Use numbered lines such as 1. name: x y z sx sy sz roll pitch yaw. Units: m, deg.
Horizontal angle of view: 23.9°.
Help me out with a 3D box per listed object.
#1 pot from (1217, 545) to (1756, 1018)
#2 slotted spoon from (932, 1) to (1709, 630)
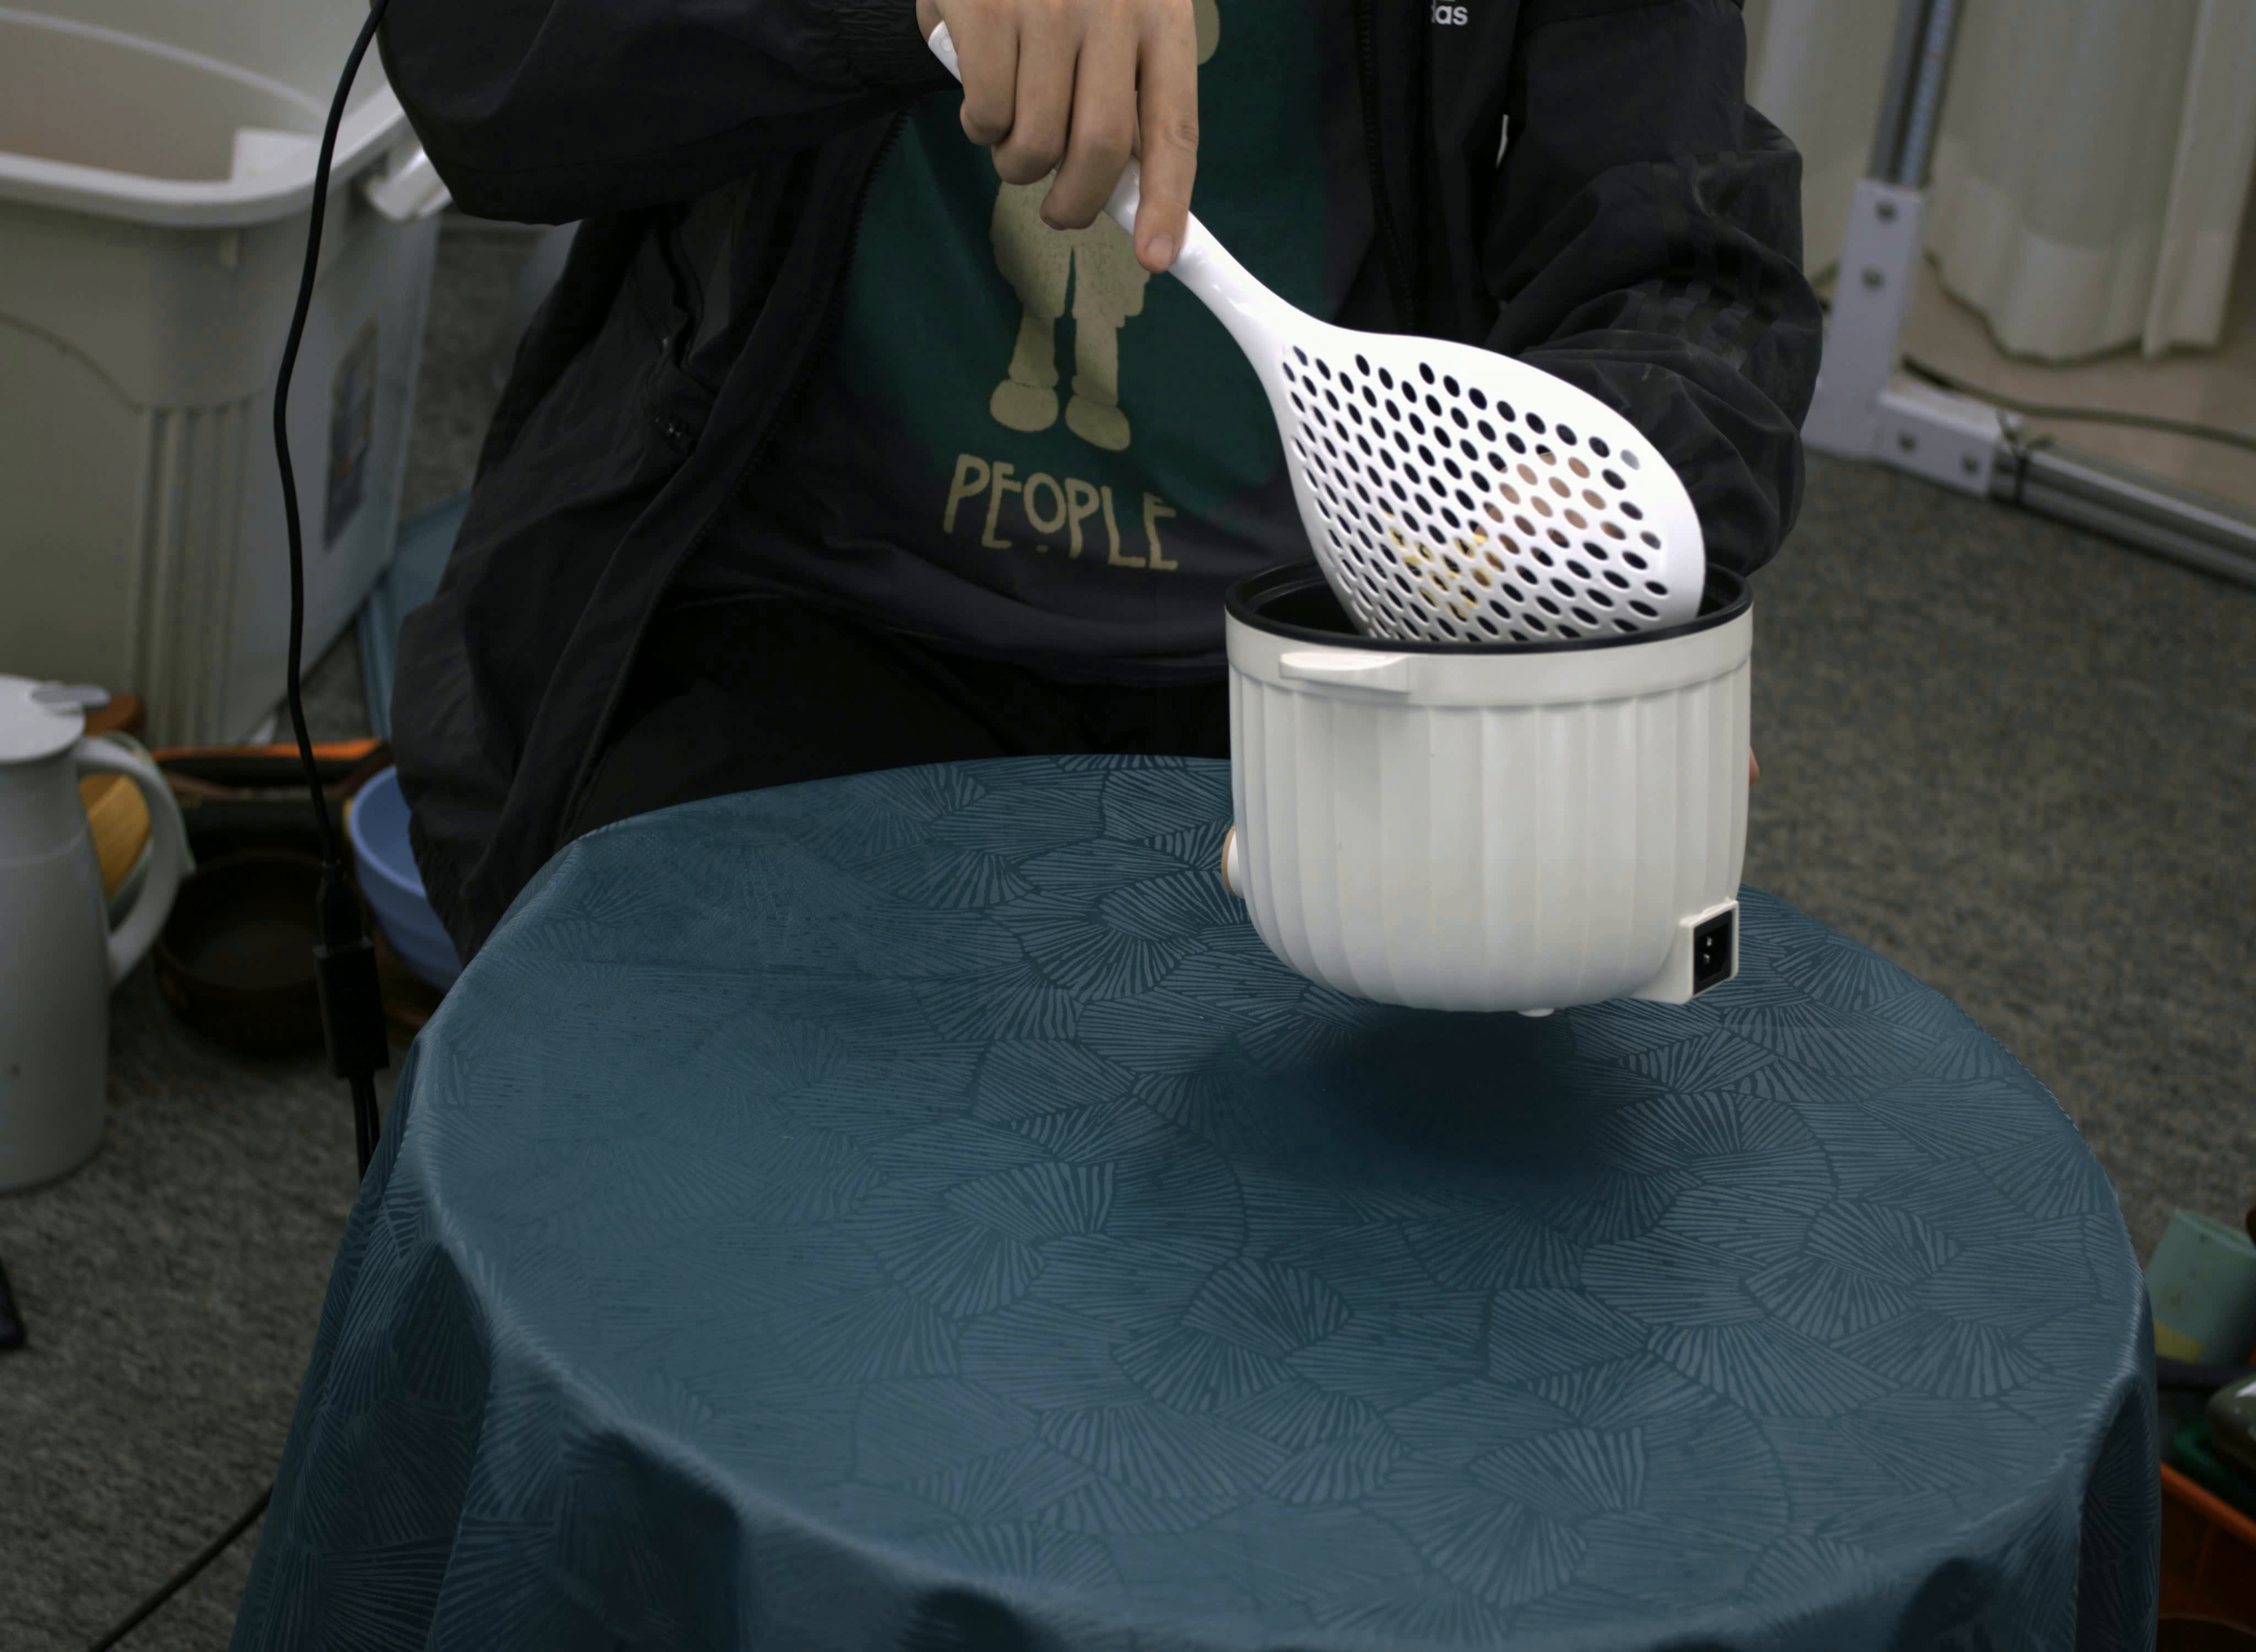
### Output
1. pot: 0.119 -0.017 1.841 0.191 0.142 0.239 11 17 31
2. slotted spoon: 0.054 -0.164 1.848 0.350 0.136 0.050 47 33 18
_____
=== Activity ===
Output everything in the records above word for word, but not the pictures.

=== Your response ===
Use numbered lines such as 1. name: x y z sx sy sz roll pitch yaw. Units: m, deg.
Horizontal angle of view: 23.9°.
Help me out with a 3D box per listed object.
#1 pot from (1217, 545) to (1756, 1018)
#2 slotted spoon from (932, 1) to (1709, 630)
### Output
1. pot: 0.119 -0.017 1.841 0.191 0.142 0.239 11 17 31
2. slotted spoon: 0.054 -0.164 1.848 0.350 0.136 0.050 47 33 18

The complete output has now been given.